A production-readiness checklist

Before you point an agentic loop at a repo that matters:

[ ] Planning produces a reviewable, structured spec with explicit non_goals and acceptance_criteria.
[ ] The agent surfaces ambiguity as questions instead of guessing.
[ ] Every run executes in an isolated, disposable worktree.
[ ] The execution sandbox has least-privilege filesystem/network/credential access.
[ ] The verify gate is independent of the author and includes tests with a coverage floor, type checks, linting, security scanning, and dependency auditing.
[ ] Tests are written from acceptance criteria, not from the author’s code.
[ ] Humans sit at exactly three boundaries: plan approval, verify escalation, merge.
[ ] A passing gate produces a PR, never an auto-merge.
[ ] Every run emits an immutable, queryable audit trail.
[ ] You can answer “what happened and why” for any agent-made change.

Where this leaves you

Agentic engineering isn’t about replacing developers — it’s about multiplying what one developer can responsibly oversee.
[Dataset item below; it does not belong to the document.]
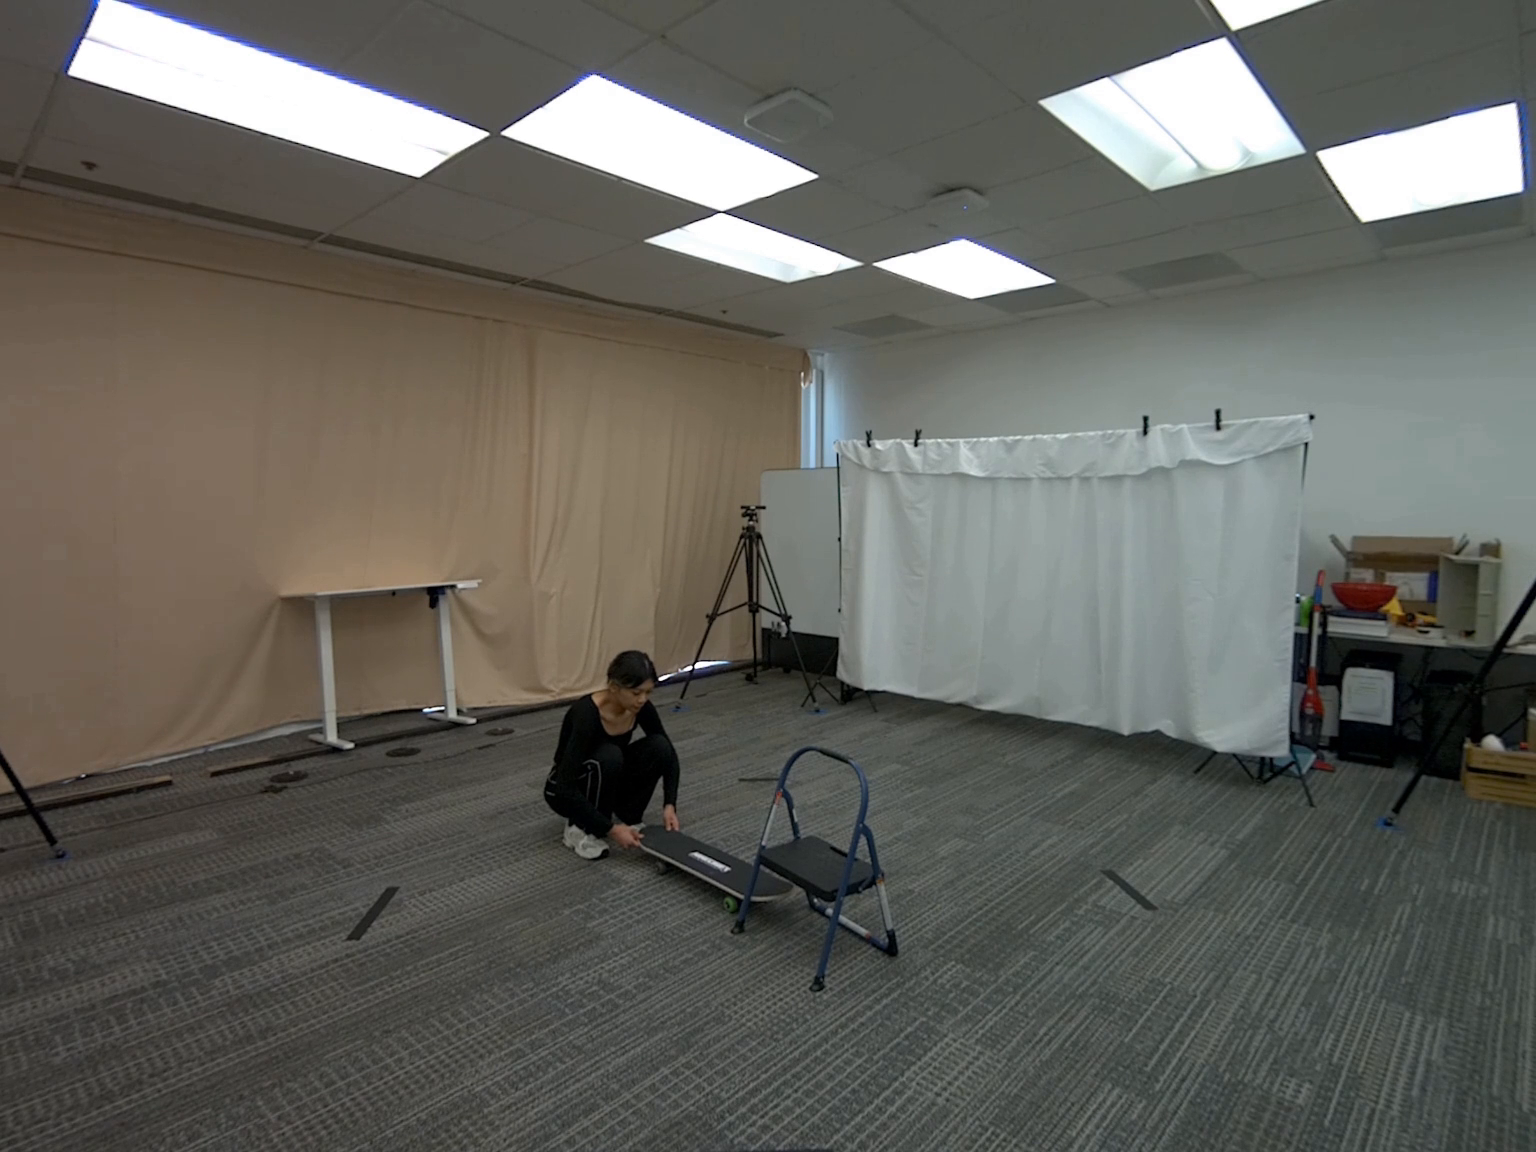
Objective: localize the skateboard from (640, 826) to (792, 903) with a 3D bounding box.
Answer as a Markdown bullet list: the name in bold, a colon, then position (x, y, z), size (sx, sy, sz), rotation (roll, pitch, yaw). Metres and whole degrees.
- **skateboard**: position (-0.208, 1.077, 3.084), size (0.187, 0.110, 0.812), rotation (-4, 5, -43)

The teams pulling ahead aren’t the ones who let agents run wildest; they’re the ones who turned “prompt and hope” into Plan → Execute → Verify, kept humans at the boundaries where their judgment compounds, and made every run accountable.

That’s the whole discipline. The agents will keep getting better. The engineering — the plan, the isolation, the gate, the oversight, the trail — is the part that’s yours, and it’s the part that decides whether all that capability ships value or ships slop.